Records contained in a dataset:
^^^^^^^^

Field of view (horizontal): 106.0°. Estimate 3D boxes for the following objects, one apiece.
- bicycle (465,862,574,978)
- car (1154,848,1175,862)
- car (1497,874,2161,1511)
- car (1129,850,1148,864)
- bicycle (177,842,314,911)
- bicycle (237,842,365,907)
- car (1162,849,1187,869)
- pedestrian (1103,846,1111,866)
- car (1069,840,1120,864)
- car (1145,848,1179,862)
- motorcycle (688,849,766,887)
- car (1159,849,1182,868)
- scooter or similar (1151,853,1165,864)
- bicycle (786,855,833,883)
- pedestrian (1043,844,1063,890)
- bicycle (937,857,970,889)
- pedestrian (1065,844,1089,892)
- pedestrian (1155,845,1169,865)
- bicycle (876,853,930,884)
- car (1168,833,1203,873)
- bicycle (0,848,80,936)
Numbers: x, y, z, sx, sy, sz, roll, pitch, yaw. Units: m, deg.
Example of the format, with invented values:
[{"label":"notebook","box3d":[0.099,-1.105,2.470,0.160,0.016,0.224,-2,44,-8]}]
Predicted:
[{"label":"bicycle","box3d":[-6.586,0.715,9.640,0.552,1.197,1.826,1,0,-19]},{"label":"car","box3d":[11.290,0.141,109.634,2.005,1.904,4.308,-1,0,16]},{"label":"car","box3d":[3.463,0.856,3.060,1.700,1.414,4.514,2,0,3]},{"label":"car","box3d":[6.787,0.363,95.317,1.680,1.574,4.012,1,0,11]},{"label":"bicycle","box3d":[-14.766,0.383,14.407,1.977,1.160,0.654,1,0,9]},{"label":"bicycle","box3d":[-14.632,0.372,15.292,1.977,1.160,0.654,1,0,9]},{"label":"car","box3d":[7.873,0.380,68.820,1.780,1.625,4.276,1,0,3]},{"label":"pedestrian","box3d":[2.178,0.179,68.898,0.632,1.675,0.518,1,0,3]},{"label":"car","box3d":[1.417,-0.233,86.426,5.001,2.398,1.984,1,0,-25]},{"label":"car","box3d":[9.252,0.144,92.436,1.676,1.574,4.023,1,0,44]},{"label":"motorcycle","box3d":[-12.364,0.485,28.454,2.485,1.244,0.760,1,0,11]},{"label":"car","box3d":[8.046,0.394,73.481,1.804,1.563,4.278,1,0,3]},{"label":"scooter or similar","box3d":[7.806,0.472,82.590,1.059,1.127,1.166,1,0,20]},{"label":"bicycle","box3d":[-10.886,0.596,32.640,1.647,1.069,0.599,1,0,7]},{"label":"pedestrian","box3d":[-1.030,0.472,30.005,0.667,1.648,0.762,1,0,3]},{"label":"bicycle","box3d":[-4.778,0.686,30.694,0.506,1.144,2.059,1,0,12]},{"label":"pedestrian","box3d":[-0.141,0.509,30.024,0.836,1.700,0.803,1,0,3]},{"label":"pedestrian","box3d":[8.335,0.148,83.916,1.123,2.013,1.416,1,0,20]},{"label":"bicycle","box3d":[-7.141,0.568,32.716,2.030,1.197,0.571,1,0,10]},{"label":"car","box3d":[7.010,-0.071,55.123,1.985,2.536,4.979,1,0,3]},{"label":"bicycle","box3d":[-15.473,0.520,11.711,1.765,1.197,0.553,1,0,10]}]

^^^^^^^^

**Goal of the exercise:** Copy the lines of the data above exactly as written, beginning with the line containing "- motorcycle (688,849,766,887)" and ending with the line containing "Example of the", and leave out all other lines.

**Finished exercise:**
- motorcycle (688,849,766,887)
- car (1159,849,1182,868)
- scooter or similar (1151,853,1165,864)
- bicycle (786,855,833,883)
- pedestrian (1043,844,1063,890)
- bicycle (937,857,970,889)
- pedestrian (1065,844,1089,892)
- pedestrian (1155,845,1169,865)
- bicycle (876,853,930,884)
- car (1168,833,1203,873)
- bicycle (0,848,80,936)
Numbers: x, y, z, sx, sy, sz, roll, pitch, yaw. Units: m, deg.
Example of the format, with invented values:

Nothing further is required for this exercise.